SBIR Phase II: Decentralized Evacuation Intelligence with Generative AI, Personalized Preparedness and Robust Real-Time Navigation

The broader/commercial impact of this Small Business Innovation Research (SBIR) Phase II project is to enhance public safety and community resilience in wildfire-prone areas through a personalized evacuation technology that integrates planning and real-time response. Evacuation remains one of the most urgent and time-critical aspects of wildfire disaster management, yet residents often lack access to trustworthy, actionable information when it matters most. This project will commercialize a novel digital platform that provides both proactive preparedness tools and dynamic evacuation guidance that functions even without internet connectivity. By tailoring evacuation strategies to individual needs and local hazards, this technology bridges the gap between emergency protocols and real-world decisions made by households under stress. Beyond saving lives, it reduces the burden on first responders, supports better allocation of emergency resources, and strengthens long-term community preparedness. The innovation also opens export and scaling opportunities to other disaster-prone geographies and hazards (i.e. floods, volcanic eruptions, hazardous materials release), contributing to the growing market for smart emergency management systems.
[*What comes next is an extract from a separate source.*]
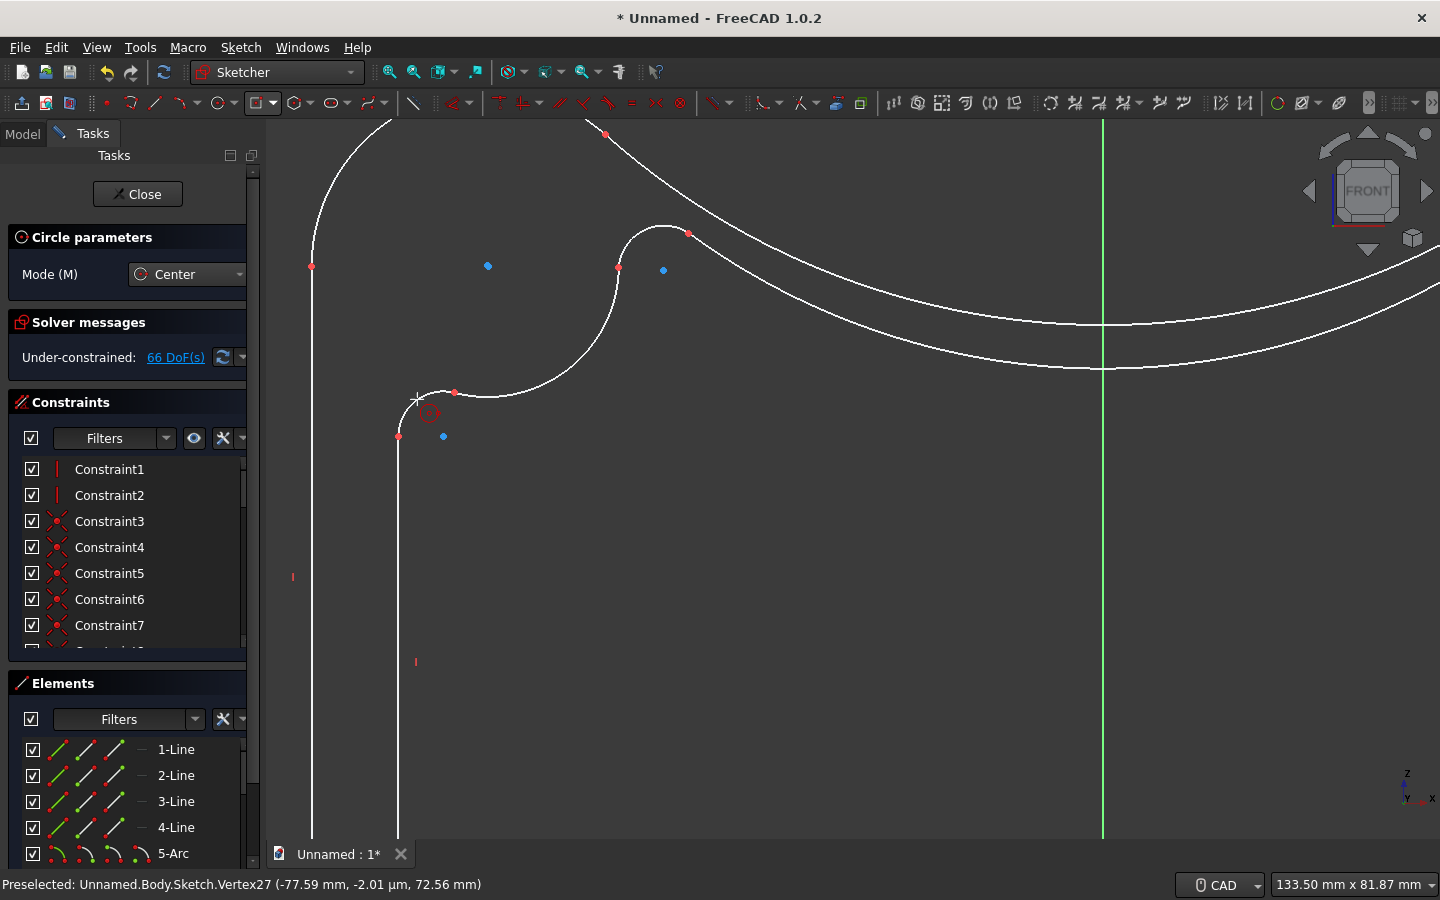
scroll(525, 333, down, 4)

This Small Business Innovation Research (SBIR) Phase II project addresses the technical challenge of developing a robust, scalable, and user-centered wildfire evacuation platform powered by a Digital Twin (DT) of the built and natural environment. The proposed solution includes three core innovations: (1) a surrogate modeling approach that allows for fast, on-device evacuation route predictions based on pre-simulated wildfire scenarios, (2) an AI-driven interface for emergency managers to interactively validate and refine evacuation strategies, and (3) a Preparedness App that enables residents to plan for wildfire threats using personalized virtual drills and destination planning, supported by carefully designed user engagement strategies. Building on Phase I feasibility studies, Phase II will focus on integrating these components into a minimum viable product, field-testing it in pilot communities, and validating both user outcomes and technical performance. Anticipated results include increased evacuation readiness, faster community clearance times, and reduced reliance on emergency services during wildfires. The project draws on insights from traffic modeling, disaster risk reduction, human behavior in disasters, user-centered design, and geospatial analytics to deliver a next-generation preparedness solution for an escalating national challenge.

This award reflects NSF's statutory mission and has been deemed worthy of support through evaluation using the Foundation's intellectual merit and broader impacts review criteria.

Award Number: 2528445
Principal Investigator: Sarah Lindbergh
Funds Obligated: $1,231,473
State: DE